Now, about that one-room apartment..Lynnie and Sal lived there for about 6 months, maybe 8, while Sal renovated their part of the duplex, so the two of them could move in by September. After they did, there was still much work to be done, so they spent weeks painting and plastering, while "Green Demolitions" put in a recycled kitchen for them. Now, Lynnie is back to taking ballet 4 times a week, though she no longer ballroom dances, alas, because she has no partner and at this point doesn't want to dance with anyone but Sal.

Lynnie is in love, the main feature of her life, but yesterday and all last week she had a splitting headache, a migraine to beat all migraines. I felt terrible for her, and didn't want even to call to find out if she was any better, lest I wake her or the telephone ringing cause her more pain. I dunno...my own migraines have attenuated greatly since menopause. I regularly experience perhaps one a month, a headache that might last for 3 days, but mild enough to be treatable. Usually they go away with Imitrex, only troubling me each morning when I wake and when the Imitrex wears off each afternoon. I have not had a monster migraine in a year...Knock on wood.
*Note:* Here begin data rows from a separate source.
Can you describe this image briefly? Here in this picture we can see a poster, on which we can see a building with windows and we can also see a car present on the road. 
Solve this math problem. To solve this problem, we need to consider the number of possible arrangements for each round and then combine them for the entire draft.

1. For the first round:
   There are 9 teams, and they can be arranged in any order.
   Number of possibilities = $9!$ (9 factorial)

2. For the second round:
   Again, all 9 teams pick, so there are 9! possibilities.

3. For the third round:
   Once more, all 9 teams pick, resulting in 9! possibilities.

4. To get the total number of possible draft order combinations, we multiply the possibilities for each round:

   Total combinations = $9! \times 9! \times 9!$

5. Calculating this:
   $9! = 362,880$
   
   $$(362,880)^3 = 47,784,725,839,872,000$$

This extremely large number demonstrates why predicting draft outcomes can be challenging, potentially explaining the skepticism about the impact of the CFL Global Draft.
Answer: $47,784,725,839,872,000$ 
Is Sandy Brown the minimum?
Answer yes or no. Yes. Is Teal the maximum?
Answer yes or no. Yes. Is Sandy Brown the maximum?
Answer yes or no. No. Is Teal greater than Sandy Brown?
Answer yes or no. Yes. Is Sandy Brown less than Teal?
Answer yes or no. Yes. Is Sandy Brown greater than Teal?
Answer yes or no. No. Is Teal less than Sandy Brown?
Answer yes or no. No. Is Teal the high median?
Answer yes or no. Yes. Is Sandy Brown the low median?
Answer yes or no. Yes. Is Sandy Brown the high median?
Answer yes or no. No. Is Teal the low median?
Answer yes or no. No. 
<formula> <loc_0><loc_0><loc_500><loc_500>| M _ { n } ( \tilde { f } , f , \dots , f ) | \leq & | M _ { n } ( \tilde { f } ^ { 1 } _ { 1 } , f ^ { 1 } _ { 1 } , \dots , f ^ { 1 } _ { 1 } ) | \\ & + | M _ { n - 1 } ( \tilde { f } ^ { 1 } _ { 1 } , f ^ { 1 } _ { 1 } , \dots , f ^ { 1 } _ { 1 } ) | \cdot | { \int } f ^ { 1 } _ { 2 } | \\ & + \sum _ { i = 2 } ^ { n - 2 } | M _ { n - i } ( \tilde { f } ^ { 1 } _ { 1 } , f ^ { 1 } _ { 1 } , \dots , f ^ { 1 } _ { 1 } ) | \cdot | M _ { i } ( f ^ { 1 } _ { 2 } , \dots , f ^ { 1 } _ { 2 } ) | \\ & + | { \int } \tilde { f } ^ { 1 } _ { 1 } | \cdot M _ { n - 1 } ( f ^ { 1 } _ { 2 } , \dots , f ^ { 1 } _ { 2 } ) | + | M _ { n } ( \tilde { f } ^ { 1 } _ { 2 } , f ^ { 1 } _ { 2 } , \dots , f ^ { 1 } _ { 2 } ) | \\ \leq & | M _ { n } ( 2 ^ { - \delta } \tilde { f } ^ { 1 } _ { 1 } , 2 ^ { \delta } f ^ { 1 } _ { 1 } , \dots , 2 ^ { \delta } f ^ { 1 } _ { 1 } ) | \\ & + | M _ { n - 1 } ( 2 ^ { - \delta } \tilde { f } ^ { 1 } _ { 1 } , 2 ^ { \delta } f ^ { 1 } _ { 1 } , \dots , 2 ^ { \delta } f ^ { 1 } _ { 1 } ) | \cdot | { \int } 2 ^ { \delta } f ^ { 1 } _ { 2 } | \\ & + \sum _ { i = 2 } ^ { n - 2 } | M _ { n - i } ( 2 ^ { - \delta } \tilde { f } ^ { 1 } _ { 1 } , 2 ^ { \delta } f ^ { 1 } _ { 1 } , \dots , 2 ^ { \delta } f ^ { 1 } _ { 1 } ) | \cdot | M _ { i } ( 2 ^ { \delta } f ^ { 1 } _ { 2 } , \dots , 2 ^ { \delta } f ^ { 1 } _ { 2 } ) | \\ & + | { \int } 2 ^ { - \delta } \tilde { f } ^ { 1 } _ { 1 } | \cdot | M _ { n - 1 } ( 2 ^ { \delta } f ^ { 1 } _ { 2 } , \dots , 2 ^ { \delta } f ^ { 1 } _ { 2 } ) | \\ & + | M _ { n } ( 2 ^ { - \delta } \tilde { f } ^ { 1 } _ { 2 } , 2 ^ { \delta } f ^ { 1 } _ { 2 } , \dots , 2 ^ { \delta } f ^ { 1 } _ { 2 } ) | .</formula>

But Lynnie's headaches have not gotten any better that I know of. And the one big difference between us, or at least one factor that is KNOWN to cause headaches, is that she takes HRT and in fact was always on the "pill," one or another, for birth control. I don't blame her, of course, not for the latter (though I do not understand the former...) but I fear that it is the hormones in the HRT that are making her headaches persist past the time when they should diminish naturally...I know our maternal grandmother's headaches stopped or got significantly better at age 50, as mine have, and I believe Lynnie's could too, in time, if she would only stop the HRT...But I know she won't (she denies the HRT has anything to do with it) despite the risks of breast cancer. She thinks there are too many benefits, too many, shall we say, "youthful benefits." I say, phooey to that. Grow up, and get over it. There are worse things than getting old. Like Joe with ALS, or not getting old at all! But that I know is not fair. We all have our hang-ups and she is entitled to hers, even if I do not understand.

What else? Well, she is writing her novel again. About that I will say only that it was watching the movie I AM LEGEND that reinvigorated her and got her to take another look at it. I must admit she has a good plot, and if she can write it well, might have a best seller. But that is sometime down the road, for the book must first be written, right?


Well, Elly, I know that I have not said all that much about my twin sister, nor very well or very coherently. But I have written all that she told me when I "interviewed her" for this post today. And I cannot think, myself, of what more I should write. I know there is surely more I could say, more of what is between us that I could discuss, perhaps. But I am not sure I want to do that right now and all you asked was, How is your sister? I have written about that and only that. I hope it is enough. TTFN, and thanks for asking.